I'm not sure why! Should I keep working with her or let her be? She has always been the same level of tame as she is now. I don't think we have made much progress aside from her not flying off AS MUCH as she used to.
I want her to have out of the cage time, but I can never seem to get her OUT.
Heck, she wont even play with the toys in her cage. She preens her cagemates, asks them to preen her, eats and drinks (and poops!) and yells at the household when we are "too loud" or she wants/needs something, but that's pretty much it. 
She's very odd!


----------



## roxy culver (May 27, 2010)

Disposition is inherited and some birds don't have very good ones. You can try starting from square one and trying this: http://talkcockatiels.com/showthread.php?t=33824

Continue with the food bribery, its working somewhat and it will continue to help.


----------



## Kiwimommy (Sep 11, 2011)

Thanks! I can tell she likes ME, but she's very nervous about my hand for some reason. I can't think of any time I have done anything to her that would make her feel that way. If she sees me walk by though in the morning, she yells to say hello to me. She dances for me all the time,too. I can sit by her cage and watch her for as long as I please and once she notices "the hand" isn't going in the cage she relaxes and will watch me back or start doing her own thing. It seems that way with my parakeets as well though, but they are less nervous about my hand. Not by much, but I haven't really done any training with them.


----------



## Bird Junky (Jul 24, 2012)

B.J's, NERVOUS or BITING BIRDS

Hello. This should solve your problem.... 
With nervous birds, cover half the cage to make them feel safe 
& secure but take care not to stand over them like a predator. 
I always use a small piece their favourite food as treats during 
the taming sessions. 

I normally tame eight birds in a cage at the same time so the 
slowest bird learns from their more forward cage mates. 
One, two or eight birds, the training method is the same. 
I don't let them out of cage, till all are happy to perch on my 
hand to eat, as any chasing & catching can ruin any bond 
already built-up between you & your birds. 
Neither are you teaching the remaining birds anything. 
While your playing with one out of the cage.

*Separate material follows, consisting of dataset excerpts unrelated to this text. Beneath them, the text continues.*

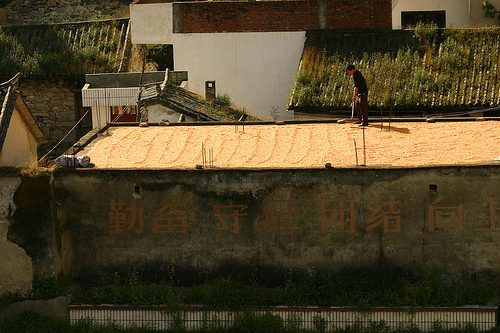<image>
Can you confirm if the man is above the sand? No. The man is not positioned above the sand. The vertical arrangement shows a different relationship. 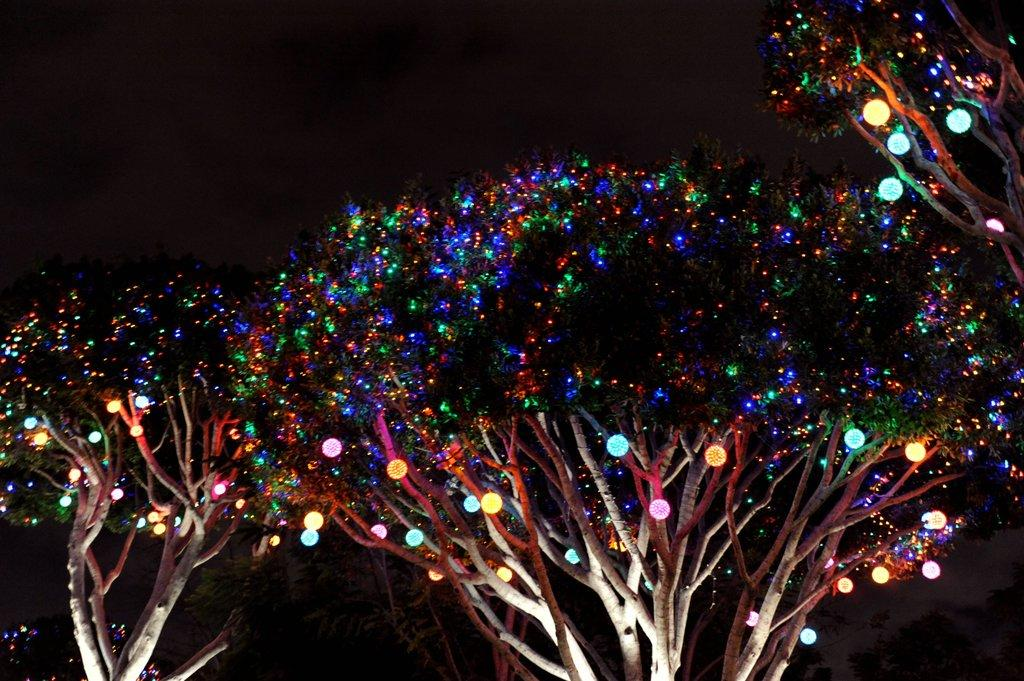What type of vegetation is visible in the image? There are trees in the image. Do the trees have any special features? Yes, the trees have decorative lights. What is the color of the background in the image? The background of the image is dark. How many feathers can be seen on the chicken in the image? There is no chicken present in the image. What type of acoustics can be heard coming from the trees in the image? There is no sound or acoustics mentioned or visible in the image. 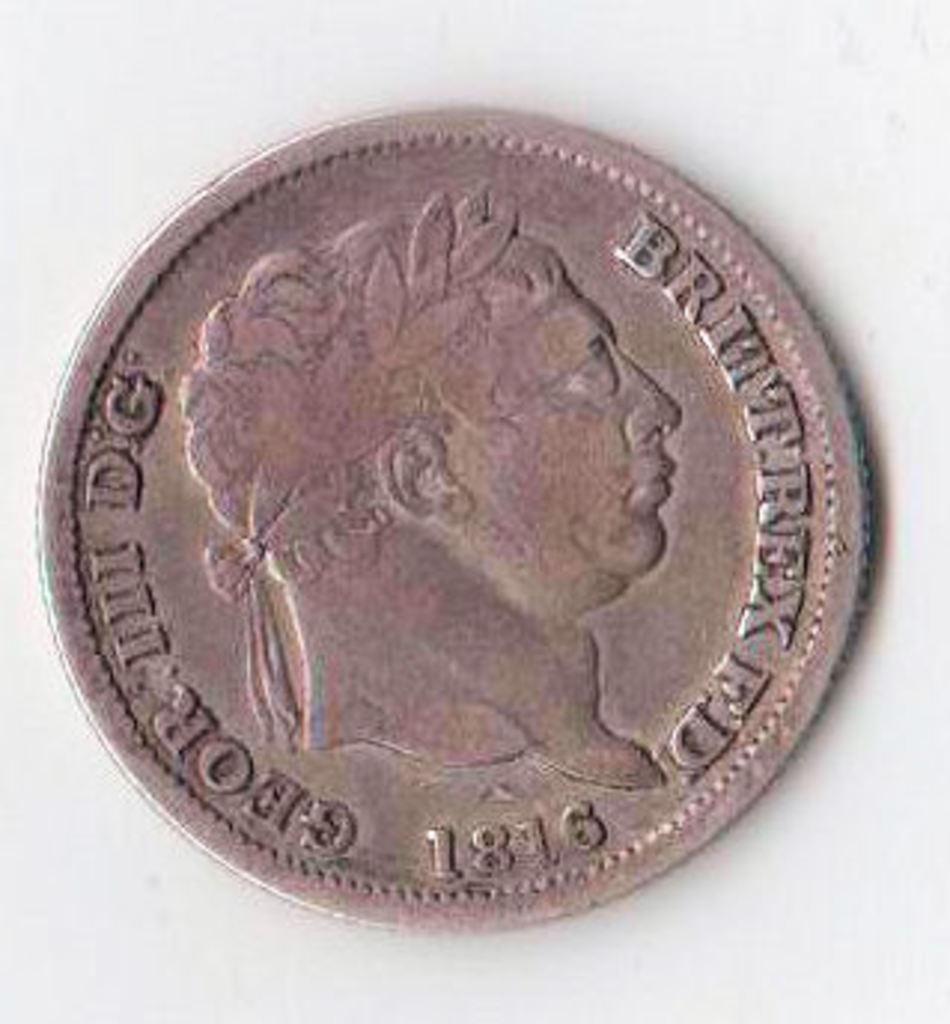Can you describe this image briefly? In this image, this looks like a coin. I can see the image of the man and letters on the coin. The background looks white in color. 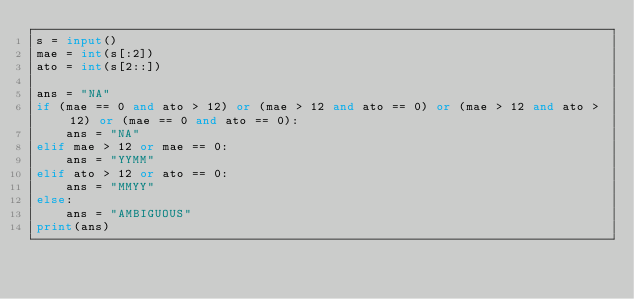<code> <loc_0><loc_0><loc_500><loc_500><_Python_>s = input()
mae = int(s[:2])
ato = int(s[2::])

ans = "NA"
if (mae == 0 and ato > 12) or (mae > 12 and ato == 0) or (mae > 12 and ato > 12) or (mae == 0 and ato == 0):
    ans = "NA"
elif mae > 12 or mae == 0:
    ans = "YYMM"
elif ato > 12 or ato == 0:
    ans = "MMYY"
else:
    ans = "AMBIGUOUS"
print(ans)

</code> 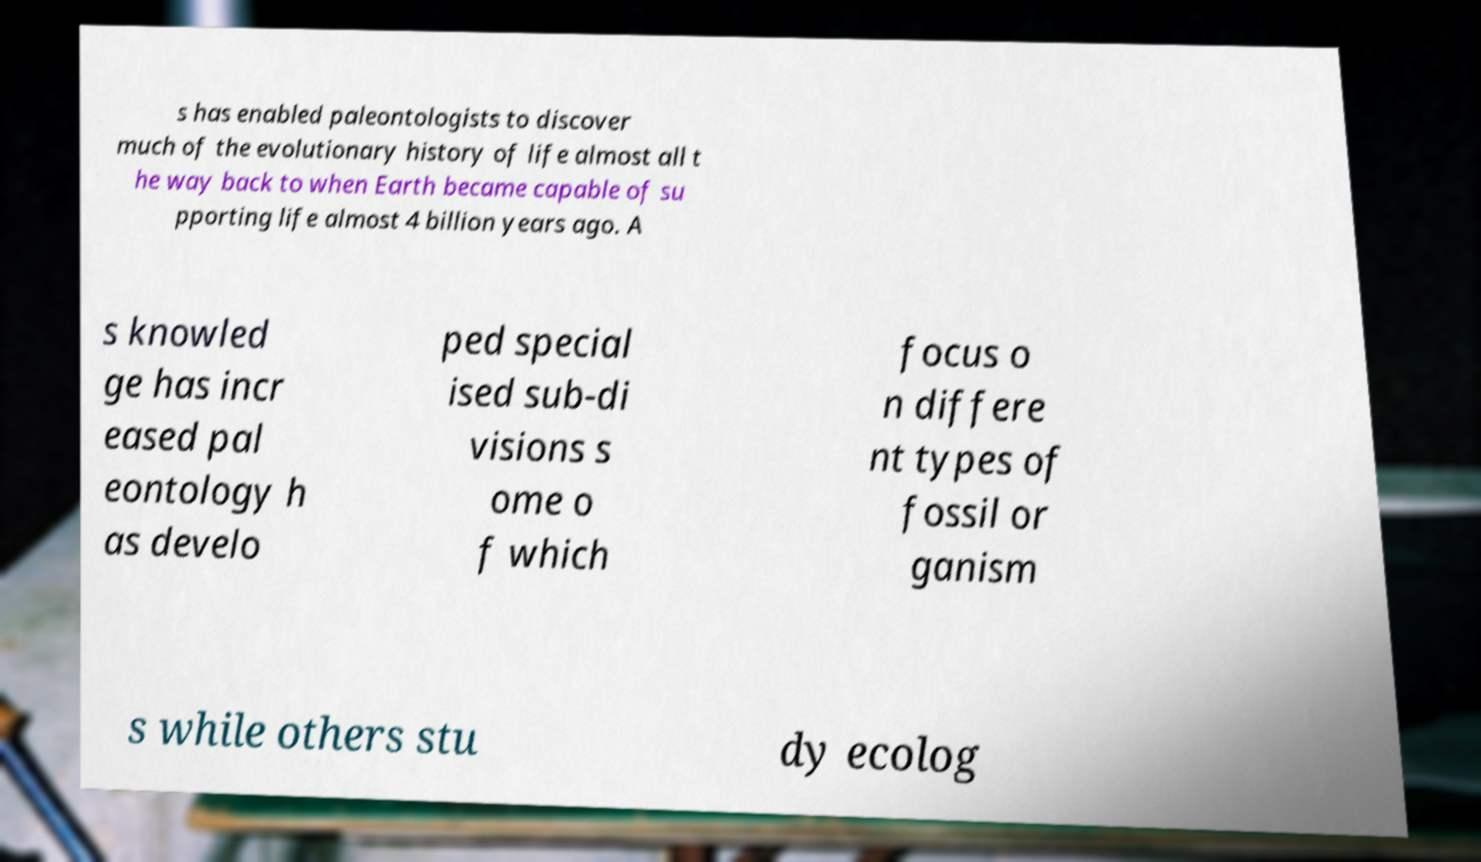There's text embedded in this image that I need extracted. Can you transcribe it verbatim? s has enabled paleontologists to discover much of the evolutionary history of life almost all t he way back to when Earth became capable of su pporting life almost 4 billion years ago. A s knowled ge has incr eased pal eontology h as develo ped special ised sub-di visions s ome o f which focus o n differe nt types of fossil or ganism s while others stu dy ecolog 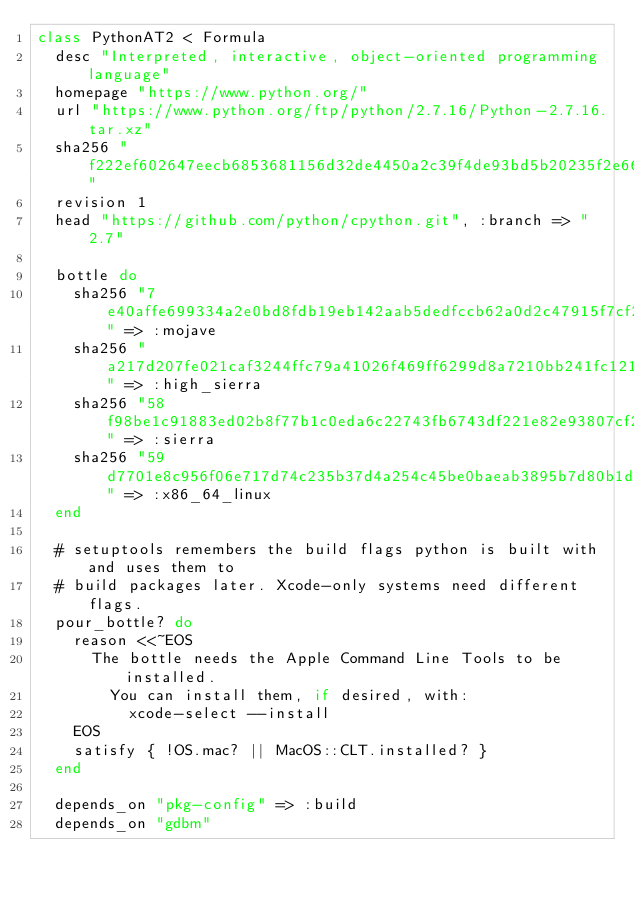Convert code to text. <code><loc_0><loc_0><loc_500><loc_500><_Ruby_>class PythonAT2 < Formula
  desc "Interpreted, interactive, object-oriented programming language"
  homepage "https://www.python.org/"
  url "https://www.python.org/ftp/python/2.7.16/Python-2.7.16.tar.xz"
  sha256 "f222ef602647eecb6853681156d32de4450a2c39f4de93bd5b20235f2e660ed7"
  revision 1
  head "https://github.com/python/cpython.git", :branch => "2.7"

  bottle do
    sha256 "7e40affe699334a2e0bd8fdb19eb142aab5dedfccb62a0d2c47915f7cf25bafd" => :mojave
    sha256 "a217d207fe021caf3244ffc79a41026f469ff6299d8a7210bb241fc121421584" => :high_sierra
    sha256 "58f98be1c91883ed02b8f77b1c0eda6c22743fb6743df221e82e93807cf21ac0" => :sierra
    sha256 "59d7701e8c956f06e717d74c235b37d4a254c45be0baeab3895b7d80b1dfc05d" => :x86_64_linux
  end

  # setuptools remembers the build flags python is built with and uses them to
  # build packages later. Xcode-only systems need different flags.
  pour_bottle? do
    reason <<~EOS
      The bottle needs the Apple Command Line Tools to be installed.
        You can install them, if desired, with:
          xcode-select --install
    EOS
    satisfy { !OS.mac? || MacOS::CLT.installed? }
  end

  depends_on "pkg-config" => :build
  depends_on "gdbm"</code> 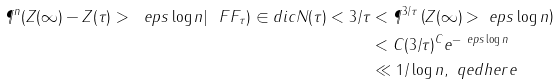<formula> <loc_0><loc_0><loc_500><loc_500>\P ^ { n } ( Z ( \infty ) - Z ( \tau ) > \ e p s \log n | \ F F _ { \tau } ) \in d i c { N ( \tau ) < 3 / \tau } & < \P ^ { 3 / \tau } \left ( Z ( \infty ) > \ e p s \log n \right ) \\ & < C ( 3 / \tau ) ^ { C } e ^ { - \ e p s \log n } \\ & \ll 1 / \log n , \ q e d h e r e</formula>

First I offer the birds a few pecks of a treat food, through the bars. 
If they show any fear or attempt to bite me , I remove my hand 
& the treat for a count of 10. I re-offer the treat & do this as 
often as it takes. 

I give them treats little & often, so my visits mean nice things to 
eat. After a day or so of successful feeding, the birds will be ready 
for hand feeding inside the cage. 

I hold the treat food on my fingers, palm up close to the perch so 
they can all eat. During the next few days I move the treat onto
my palm, so they have to step-up on to my hand to reach to eat.

After a further day or two, I can take the birds from the cage for 
a fly round, knowing I can return them with a treat in the cage & 
a small treat in hand as a step-up reward..

Professional trainers & performers always give a treat to ensure 
a friendly, happy compliance & as a distraction...
Even if it's only one peck at a millet spray.....B.J.


----------



## dshiro2012 (Feb 4, 2013)

If she wants you to open the cage door, then do so but don't try to get her to come out. Sometimes birds just want to feel like they can come and go as they please but don't actually leave the security of their cage. I used to have a cockatiel who was just like that...I think he was about 2 years old at the time, would call and scream and yell until I would open the cage up but then he would act uninterested in it even being open and would look at me like: "What are you still doing here?"....I eventually got him to come out for a cracker, but he stole it and ran back into his cage with it. lol...You can try getting your cockatiel to trust you, but sometimes it's more of who they are that will make them act the way they do and it's not really something we can "tame out" of them.


----------